◆ What needs to be done: In the copy, keep the lines from the first line of the material below through the line containing "Millions<fcel>United States<fcel>Foreign<fcel>Total earnings" exactly as they are, and include no pictures.

# # # # #

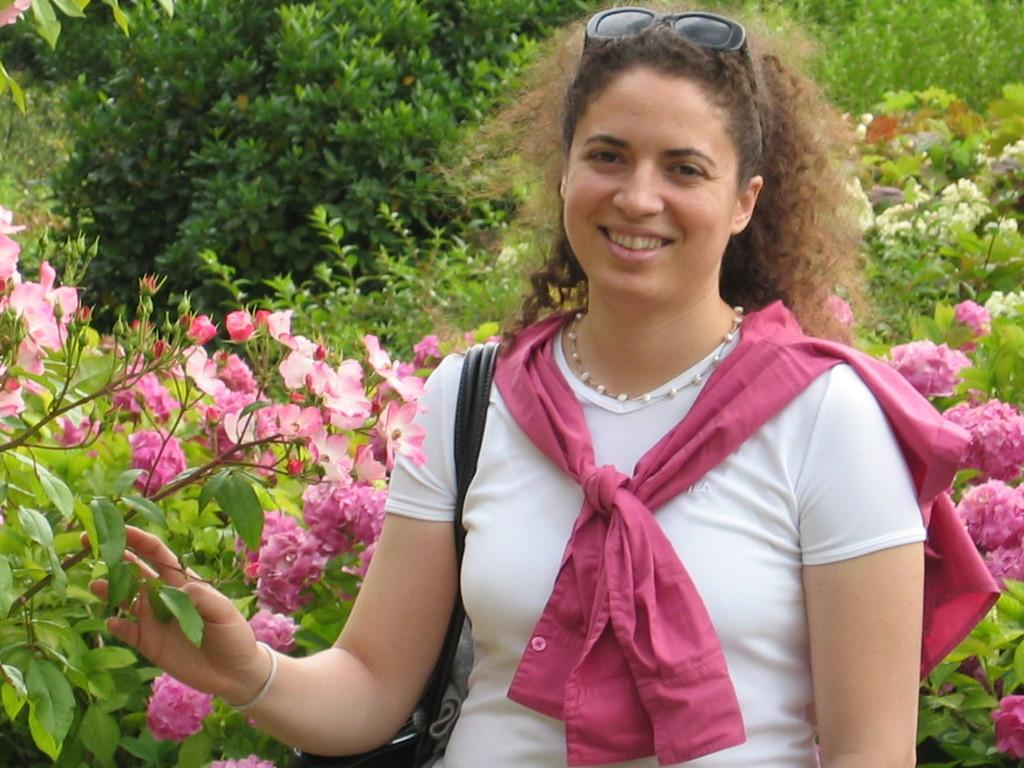Who is the main subject in the image? There is a lady in the image. What is the lady holding in the image? The lady is holding a stem with flowers. What type of vegetation can be seen in the image? There are trees with flowers and plants with flowers in the image. What type of jeans is the lady wearing in the image? There is no mention of jeans in the image, as the lady is holding a stem with flowers and there is no reference to her clothing. 
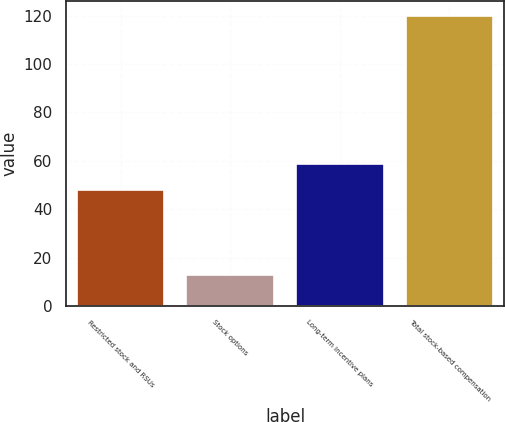Convert chart to OTSL. <chart><loc_0><loc_0><loc_500><loc_500><bar_chart><fcel>Restricted stock and RSUs<fcel>Stock options<fcel>Long-term incentive plans<fcel>Total stock-based compensation<nl><fcel>48<fcel>13<fcel>58.7<fcel>120<nl></chart> 
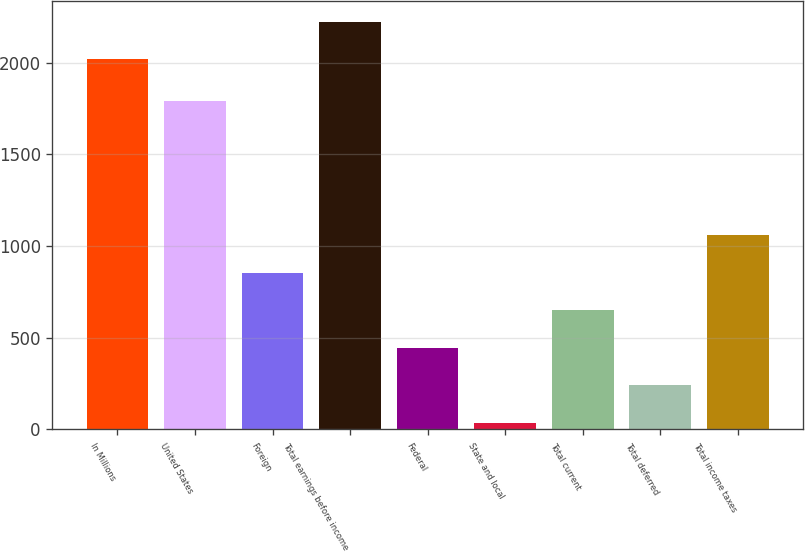<chart> <loc_0><loc_0><loc_500><loc_500><bar_chart><fcel>In Millions<fcel>United States<fcel>Foreign<fcel>Total earnings before income<fcel>Federal<fcel>State and local<fcel>Total current<fcel>Total deferred<fcel>Total income taxes<nl><fcel>2019<fcel>1788.2<fcel>853.98<fcel>2223.67<fcel>444.64<fcel>35.3<fcel>649.31<fcel>239.97<fcel>1058.65<nl></chart> 
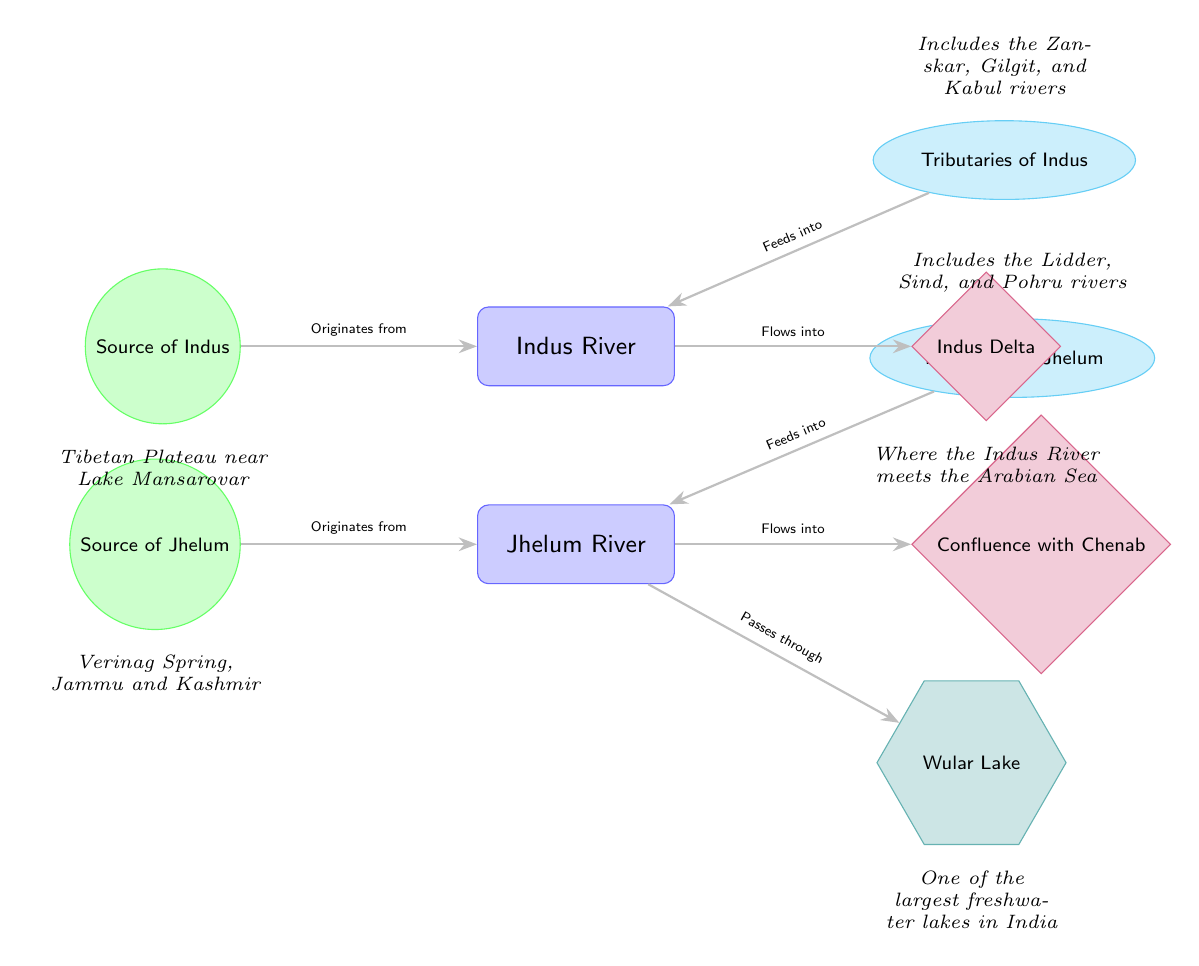What's the source of the Indus River? The diagram indicates that the Indus River originates from the Tibetan Plateau near Lake Mansarovar, which is specified in the description attached to the source node connected to the Indus River.
Answer: Tibetan Plateau near Lake Mansarovar What are the tributaries of the Jhelum River? The diagram shows that the tributaries feeding into the Jhelum River include the Lidder, Sind, and Pohru rivers, as noted in the description associated with the tributary node for Jhelum.
Answer: Lidder, Sind, and Pohru Where does the Jhelum River flow into? According to the diagram, the Jhelum River flows into the Chenab River, as indicated by the arrow and label connecting Jhelum to the confluence node labeled as the Confluence with Chenab.
Answer: Confluence with Chenab What is the significance of Wular Lake? Wular Lake is noted in the diagram as one of the largest freshwater lakes in India, and it is connected to the Jhelum River, which indicates its importance in the river system as a lake that the river passes through.
Answer: One of the largest freshwater lakes in India How many sources are depicted in the diagram? The diagram includes two sources, one for the Indus River and one for the Jhelum River. Counting the source nodes present for each river confirms this.
Answer: 2 What flows into the Indus Delta? The diagram shows that the Indus River flows into the Indus Delta, as indicated by the arrow labeled "Flows into" connecting Indus River to the Indus Delta node.
Answer: Indus River Which rivers are tributaries of the Indus River? The description for the tributary node of Indus indicates that the Zanskar, Gilgit, and Kabul rivers are tributaries, and these are identified in the diagram's connected description.
Answer: Zanskar, Gilgit, and Kabul What shape is used to represent the sources of the rivers? The diagram uses circles to represent the sources of the rivers, distinguishing these source nodes from other types of nodes in the diagram with different shapes.
Answer: Circle 
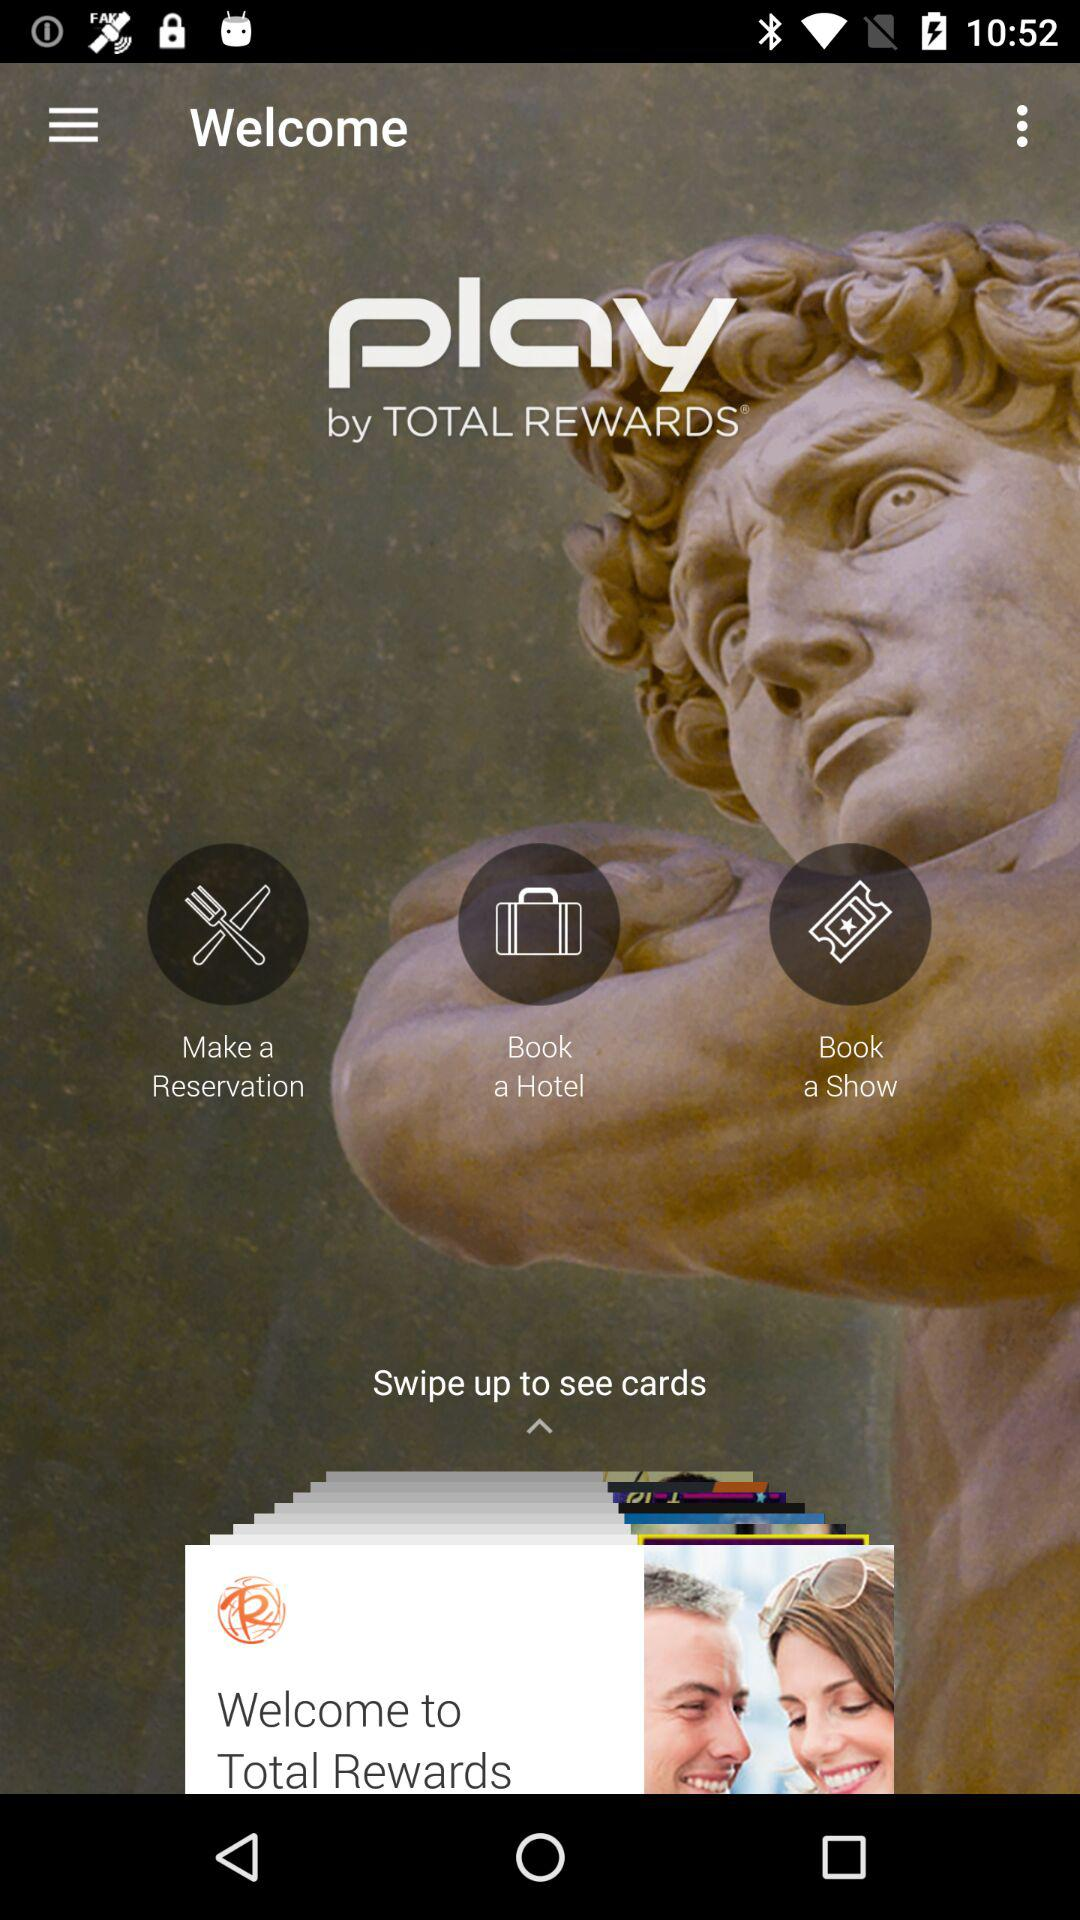What is the app name? The app name is "play".

# # # # #

◆ Result:
Who is the main subject in the image? There is a lady in the image. What is the lady holding in the image? The lady is holding a stem with flowers. What type of vegetation can be seen in the image? There are trees with flowers and plants with flowers in the image. What type of jeans is the lady wearing in the image? There is no mention of jeans in the image, as the lady is holding a stem with flowers and there is no reference to her clothing. 
Convert chart to OTSL. <chart><loc_0><loc_0><loc_500><loc_500><bar_chart><fcel>Restricted stock and RSUs<fcel>Stock options<fcel>Long-term incentive plans<fcel>Total stock-based compensation<nl><fcel>48<fcel>13<fcel>58.7<fcel>120<nl></chart> 
<chart> <loc_0><loc_0><loc_500><loc_500><bar_chart><fcel>In Millions<fcel>United States<fcel>Foreign<fcel>Total earnings before income<fcel>Federal<fcel>State and local<fcel>Total current<fcel>Total deferred<fcel>Total income taxes<nl><fcel>2019<fcel>1788.2<fcel>853.98<fcel>2223.67<fcel>444.64<fcel>35.3<fcel>649.31<fcel>239.97<fcel>1058.65<nl></chart> 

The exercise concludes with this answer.